Valeria Molinelli is a senior instructor at the College of Food Innovation & Technology at Johnson & Wales University in Providence, R.I., teaching courses on a range of themes from global to conscious cuisines. She also serves as the executive chef of the Flavor Experience, this magazine’s sister conference held annually for high-volume food and beverage menu developers.

When asked to consider an intriguing, perhaps unexpected, combination of three ingredients, Molinelli pulled from the influences and flavors of her Peruvian upbringing. “I knew I wanted to choose ingredients that represent who I am as a cook while staying true to my heritage,” she says.

She came up with a trifecta of ingredients that grow in Peru and are ingrained in that country’s rich food culture: guanabana, or soursop, aji amarillo and panela.

“I have fond childhood memories of eating guanabana, which has a white flesh composed of meaty clusters with black seeds,” she says, describing it as a bit more sour than sweet.

She describes aji amarillo as Peru’s flagship chile. “A lot of chile peppers are hot, but impart no flavor. This one provides a wonderful fruity flavor with a great amount of heat that can be controlled by the number of times it gets boiled,” she says.

Her third ingredient, panela, is an unrefined sugar known as chancaca in Peru. “Other countries call it ‘piloncillo.’ The flavor is deeper than brown sugar with a hint of caramel.”

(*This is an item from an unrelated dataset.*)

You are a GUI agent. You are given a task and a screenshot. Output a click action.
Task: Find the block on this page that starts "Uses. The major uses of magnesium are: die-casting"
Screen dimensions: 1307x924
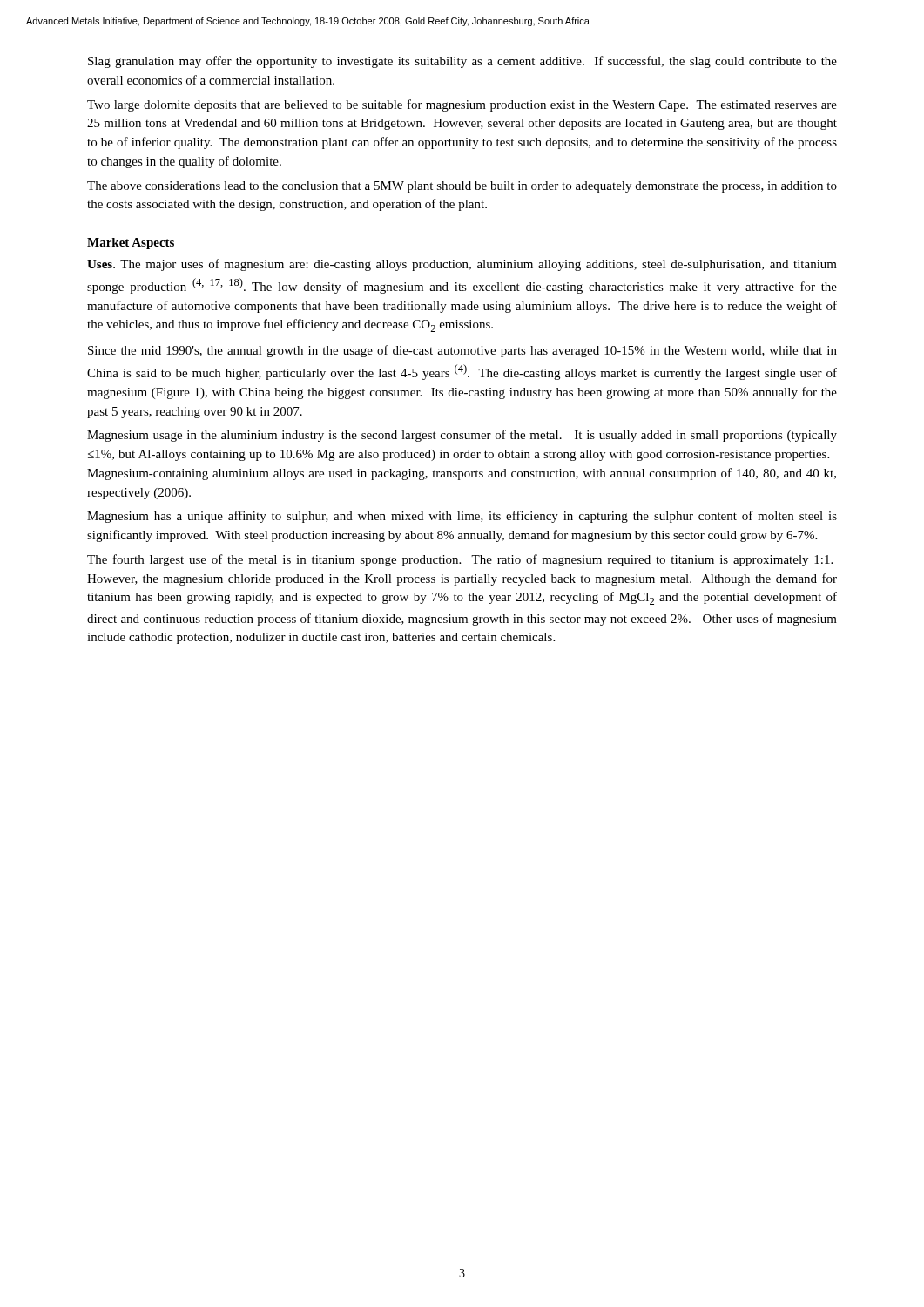click(462, 451)

Molinelli suggests applying this trifecta to any number of pork dishes: “I have used this in a glaze for a pistachio-crusted sous-vide pork tenderloin, served with English peas and a trio of plantains.” She also describes brushing it on a salt-cured pork belly as it cooks slowly, helping the skin to caramelize.

“The balance between the acidity of the guanabana, the controlled sweetness of the panela and the heat of the aji play well with the mild flavors of pork,” she says. “I also imagine a slow-roasted pineapple on a spit, slashed a few times to allow flavor in, brushed generously with this marinade as it cooks and gets softer, while browning all around. Use the pineapple in a grilled raclette cheese sandwich, and drizzle on more of the sauce.”